O Cavaleiro Sem Cabeça irrompeu através da janela do quarto, estilhaçando o vidro em mil fragmentos que brilharam como diamantes negros. Ele parou diante de Lady Van Tassel, sua espada desembainhada, mas ele não atacou Ichabod ou Katrina. Ele parecia confuso, sua fúria sendo dissipada pela presença das noivas espectrais que agora cercavam o quarto.

— Ele não sabe a quem servir — sussurrou Katrina. — Sem o segredo, ele é apenas uma alma em busca de descanso.

Lady Van Tassel tentou comandar o espectro, mas as noivas de lama avançaram, suas mãos pálidas e frias agarrando o vestido da madrasta. Elas não a atacaram com violência, mas com um peso insuportável de séculos de agonia silenciosa.

— Venha conosco — pareciam sussurrar as vozes de folhas secas. — Venha para o lugar onde as noivas esperam.

Em um redemoinho de névoa e seda velha, Lady Van Tassel foi arrastada para fora da janela, para a escuridão da floresta, seguida pelo Cavaleiro que, em um último momento de clareza, pareceu inclinar o corpo em direção a Ichabod antes de desaparecer na noite.

O silêncio retornou à mansão, mas era um silêncio diferente — mais leve, como se a casa tivesse finalmente soltado um suspiro que prendera por cinquenta anos. Baltus Van Tassel caiu de joelhos, cobrindo o rosto com as mãos, soluçando baixinho.

Ichabod permaneceu parado, o caderno ainda aberto em suas mãos trêmulas. Ele olhou para Katrina. Ela estava parada junto à janela quebrada, o vento agitando seus cabelos dourados.

— Elas se foram? — perguntou ele, a voz mal passando de um sopro.

— Elas encontraram o seu lugar na história, Ichabod — respondeu ela, virando-se para ele com um sorriso que carregava uma melancolia infinita. — Graças ao senhor.

Ichabod caminhou até ela, seus movimentos recuperando a elegância nervosa que o caracterizava. Ele olhou para suas mãos, cobertas de lama e tinta.

— Eu vim aqui para encontrar um assassino — disse ele, olhando para os olhos de Katrina —, mas acho que encontrei algo muito mais perturbador.

— E o que seria, senhor Crane? — perguntou ela, inclinando a cabeça.

— A percepção de que a ciência não é o fim da jornada — disse ele, tocando levemente a mão dela —, mas apenas a lanterna que carregamos enquanto caminhamos pelo desconhecido.

Ele olhou para o caderno, onde os nomes das noivas agora brilhavam sob a luz da lua, como se a própria tinta tivesse sido infundida com a luz das velas fantasmas.

— Eu levarei esses registros para Nova York — declarou ele. — Cada nome será gravado em pedra.

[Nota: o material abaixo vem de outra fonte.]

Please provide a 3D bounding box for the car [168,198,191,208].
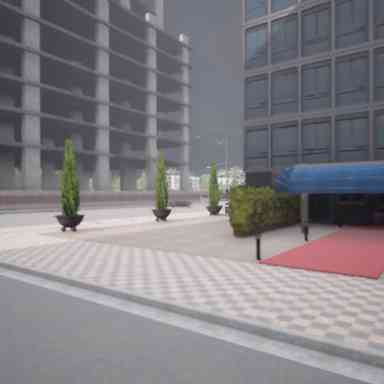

Ninguém em Sleepy Hollow será esquecido novamente.

— O senhor é um homem de muitas palavras, Ichabod Crane — disse Katrina, aproximando-se dele até que suas testas se tocassem. — Mas são as suas ações que as tornam reais.

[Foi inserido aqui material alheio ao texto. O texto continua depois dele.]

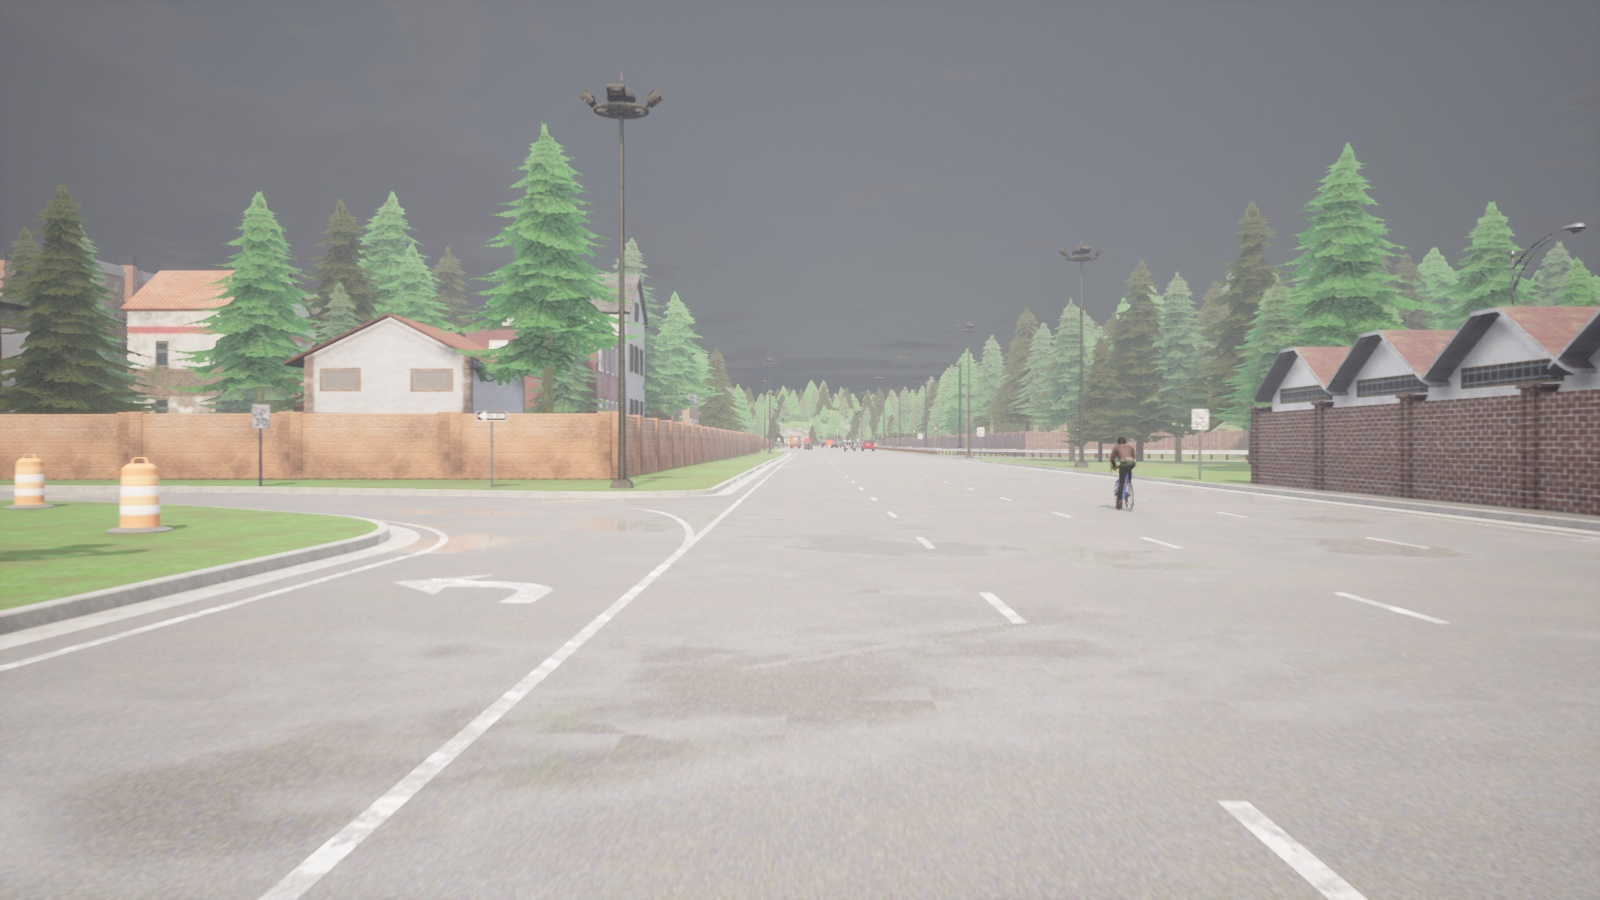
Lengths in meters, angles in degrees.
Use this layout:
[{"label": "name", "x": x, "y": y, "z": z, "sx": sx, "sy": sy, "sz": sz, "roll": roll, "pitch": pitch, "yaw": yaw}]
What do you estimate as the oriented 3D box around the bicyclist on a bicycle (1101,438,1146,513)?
[{"label": "bicyclist on a bicycle", "x": 7.174, "y": 0.548, "z": 27.928, "sx": 0.582, "sy": 1.620, "sz": 1.656, "roll": 0, "pitch": 0, "yaw": 0}]

Naquela noite, Ichabod não dormiu, mas não foi por causa do medo. Ele passou as horas antes do amanhecer organizando seus pensamentos, escrevendo o relatório final que mudaria a história daquela pequena vila para sempre. Ele sabia que as cicatrizes de Sleepy Hollow permaneceriam, e que a névoa sempre voltaria a se enroscar nas árvores, mas agora havia uma luz que nenhuma superstição poderia apagar.

Ao amanhecer, Ichabod e Katrina caminharam até a orla da floresta uma última vez. O chão ainda estava úmido, mas a lama não parecia mais viscosa ou ameaçadora. No centro da clareira, onde a Velha Capela um dia se erguera, uma única flor branca desabrochara entre as pedras — uma flor que não pertencia a nenhuma espécie que Ichabod conhecesse, mas que ele decidiu não tentar catalogar.

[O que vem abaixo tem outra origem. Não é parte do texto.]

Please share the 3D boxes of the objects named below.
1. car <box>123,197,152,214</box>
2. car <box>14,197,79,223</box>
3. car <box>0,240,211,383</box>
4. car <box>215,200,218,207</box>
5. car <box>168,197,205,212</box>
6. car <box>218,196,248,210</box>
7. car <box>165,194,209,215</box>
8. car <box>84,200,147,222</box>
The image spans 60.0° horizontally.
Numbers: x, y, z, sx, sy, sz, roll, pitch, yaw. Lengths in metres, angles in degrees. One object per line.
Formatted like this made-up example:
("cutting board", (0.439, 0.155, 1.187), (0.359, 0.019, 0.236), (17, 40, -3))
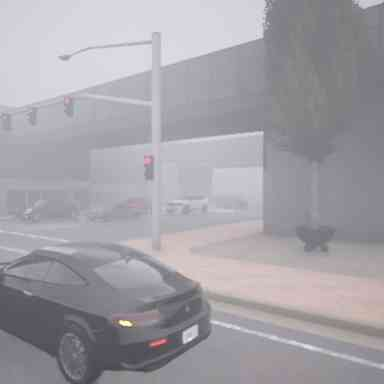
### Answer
("car", (-5.962, 1.316, 32.558), (2.097, 1.767, 4.553), (0, 0, 36))
("car", (-11.051, 1.317, 25.492), (2.097, 1.767, 4.553), (0, 0, 36))
("car", (-1.898, 1.519, 5.295), (4.674, 1.442, 1.812), (0, 0, 35))
("car", (5.201, 1.316, 48.013), (2.097, 1.767, 4.553), (0, 0, 36))
("car", (-0.555, 1.442, 40.060), (1.882, 1.535, 5.008), (0, 0, 36))
("car", (5.527, 1.533, 42.498), (1.994, 1.385, 4.181), (0, 0, 36))
("car", (-0.394, 1.191, 34.302), (2.150, 2.045, 5.566), (0, 0, 35))
("car", (-6.104, 1.571, 26.374), (1.895, 1.301, 4.718), (0, 0, 36))

— O senhor voltará para a cidade? — perguntou Katrina, enquanto observavam o sol pálido subir sobre as colinas.

— Eu preciso — respondeu ele, embora seu olhar permanecesse fixo nela. — Mas deixarei meu coração guardado entre as páginas deste caderno, e entre as sombras deste lugar.

— Então eu cuidarei dele — disse ela, apertando a mão de Ichabod. — Até que o senhor retorne para ler o que o tempo escreveu em nossa ausência.

Ichabod Crane, o homem da razão, sorriu. Ele percebeu que, em Sleepy Hollow, a maior descoberta não era um fato científico, mas a aceitação de que o mistério era o que tornava a vida digna de ser vivida. E enquanto ele se preparava para partir, ele soube que, não importava quão longe ele fosse, os pés cobertos de lama das noivas sempre o lembrariam de que a verdade, assim como o amor, é algo que floresce mesmo nos lugares mais sombrios.